C*-algebra and multiplying by complex numbers According to a page on C*-algebra, https://www.wikipedia.com/en/C*-algebra :
$$(x y)^* = y^* x^*$$
and for every complex number λ in C and every x in A:
$$(\lambda x)^* = \bar{\lambda} x^*$$
The bar symbolizes a conjugate. Should the second relationship be:
$$(\lambda x)^* = x^* \bar{\lambda}$$
The lambda looks like a "simple y", and thus should go on the other of x. It could be the case that the authors assume a complex number $\lambda$ commutes with $x$ so $\bar{\lambda} x^* == x^* \bar{\lambda}$. Does the notation suggest there is a difference between a bar and a conjugate?
 A: A $C^*$-alebra is by definition a $\mathbb{C}$-algebra, and thus in particular a $\mathbb{C}$-vector space. This means that there is a scalar action of $\mathbb{C}$ on the algebra $A$: you can define $\lambda\cdot x$ for any $\lambda\in \mathbb{C}$ and any $x\in A$.

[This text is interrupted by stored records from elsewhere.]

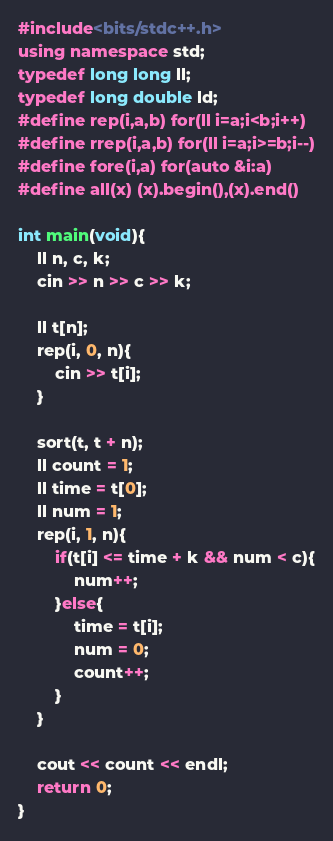<code> <loc_0><loc_0><loc_500><loc_500><_C++_>#include<bits/stdc++.h>
using namespace std;
typedef long long ll;
typedef long double ld;
#define rep(i,a,b) for(ll i=a;i<b;i++)
#define rrep(i,a,b) for(ll i=a;i>=b;i--)
#define fore(i,a) for(auto &i:a)
#define all(x) (x).begin(),(x).end()

int main(void){
    ll n, c, k;
    cin >> n >> c >> k;

    ll t[n];
    rep(i, 0, n){
        cin >> t[i];
    }

    sort(t, t + n);
    ll count = 1;
    ll time = t[0];
    ll num = 1;
    rep(i, 1, n){
        if(t[i] <= time + k && num < c){
            num++;
        }else{
            time = t[i];
            num = 0;
            count++;
        }
    }

    cout << count << endl;
    return 0;
}
</code> 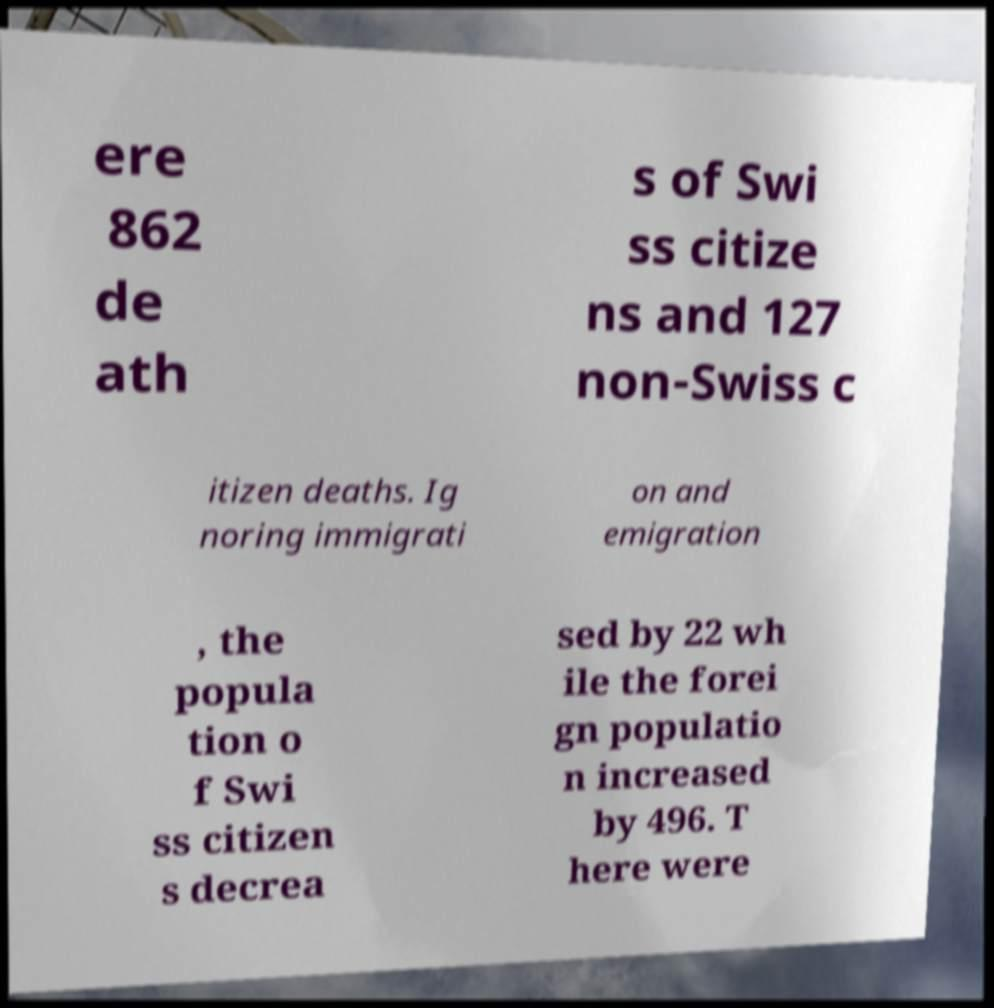I need the written content from this picture converted into text. Can you do that? ere 862 de ath s of Swi ss citize ns and 127 non-Swiss c itizen deaths. Ig noring immigrati on and emigration , the popula tion o f Swi ss citizen s decrea sed by 22 wh ile the forei gn populatio n increased by 496. T here were 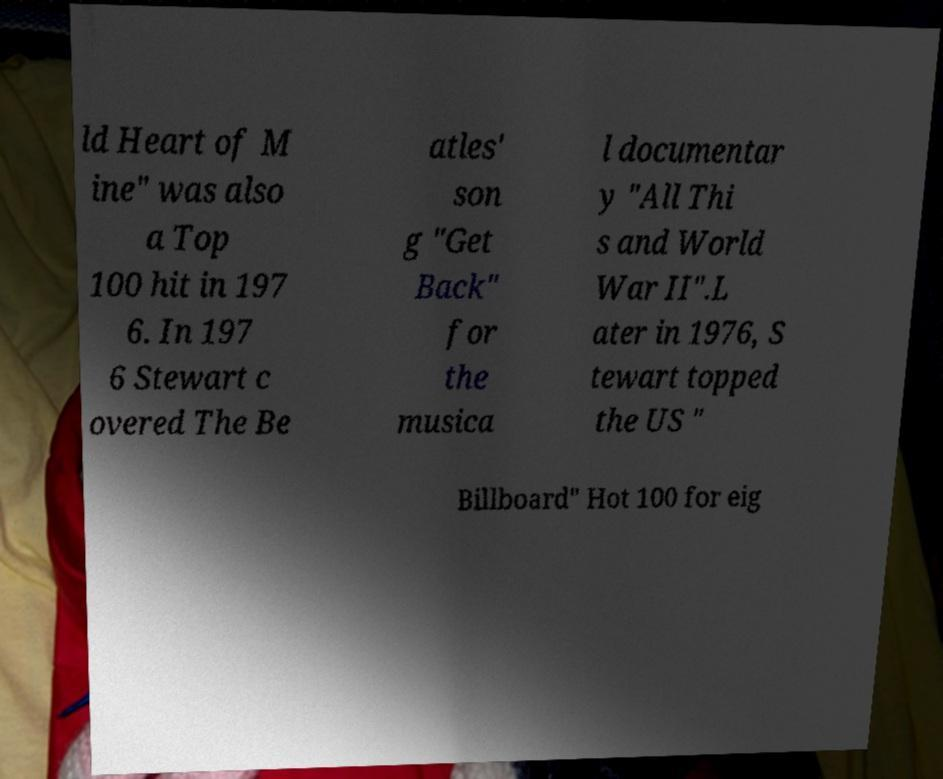Please read and relay the text visible in this image. What does it say? ld Heart of M ine" was also a Top 100 hit in 197 6. In 197 6 Stewart c overed The Be atles' son g "Get Back" for the musica l documentar y "All Thi s and World War II".L ater in 1976, S tewart topped the US " Billboard" Hot 100 for eig 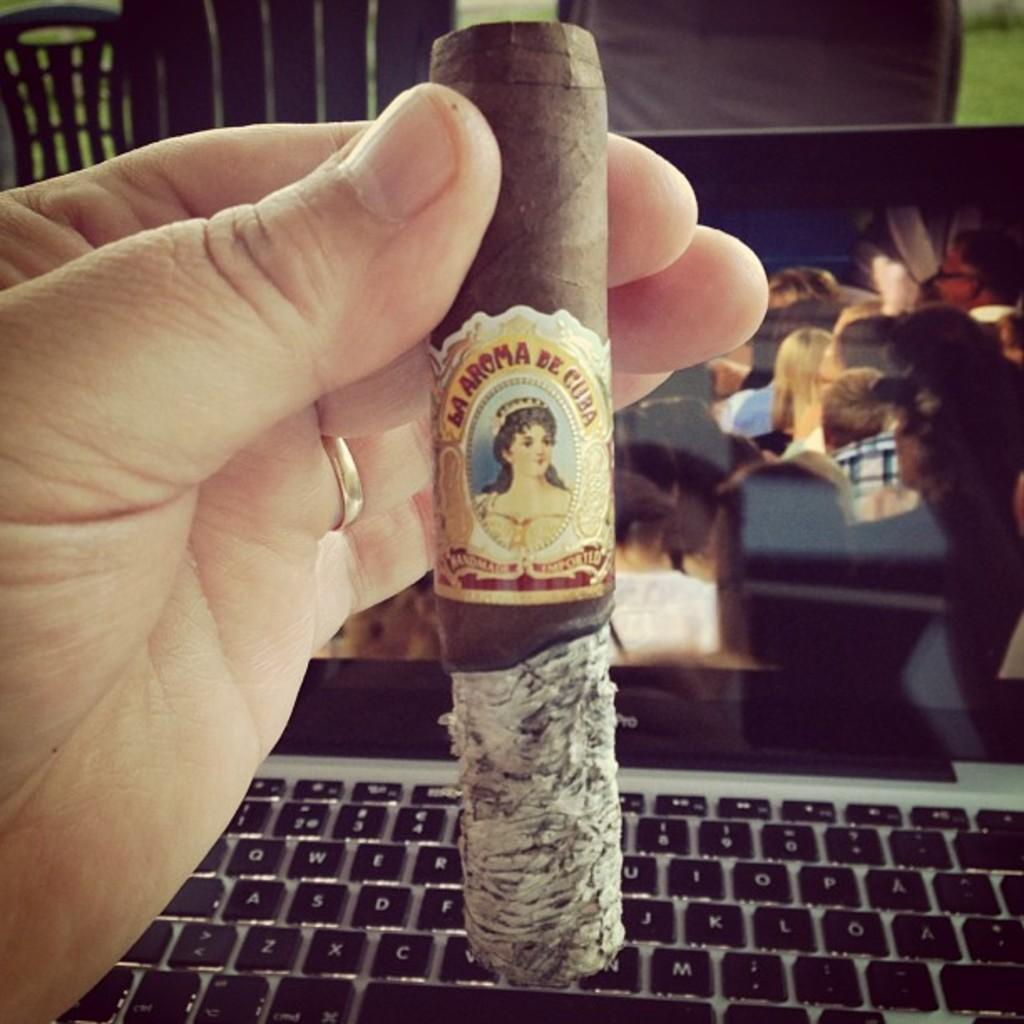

But the expression $x\cdot \lambda$ is usually not really defined. Or, if we really wanted to give it meaning, it would be, by definition, $\lambda\cdot x$. This is because $\lambda$ is not an element of $A$, so the expression $\lambda\cdot x$ does not come from the multiplication $A\times A\to A$, but from the external multiplication $\mathbb{C}\times A\to A$. In particular, $\lambda^*$ does not really make sense in general (unlike $\bar{\lambda}$).
Of course, the situation is a little different when $A$ is a unital algebra (ie when it has a multiplicative unit $1_A$). In that case, the elements of the form $\lambda\cdot 1_A$ form a copy of $\mathbb{C}$ inside $A$, and it is very common to then abuse notations a little and write as if we had $\mathbb{C}\subset A$. In that case, we could define $x\cdot \lambda$ by the internal multiplication of $A$, and also $\lambda^*$. But the good new is that in this situation the scalars commute with everything, so $x\cdot \lambda = \lambda\cdot x$ (with either the internal or external multiplication), and also $\lambda^* = \bar{\lambda}$.
Or, if one wants to be very precise: $x\cdot (\lambda 1_A) = (\lambda 1_A) \cdot x = \lambda\cdot x$, and $(\lambda 1_A)^* = \bar{\lambda} 1_A$.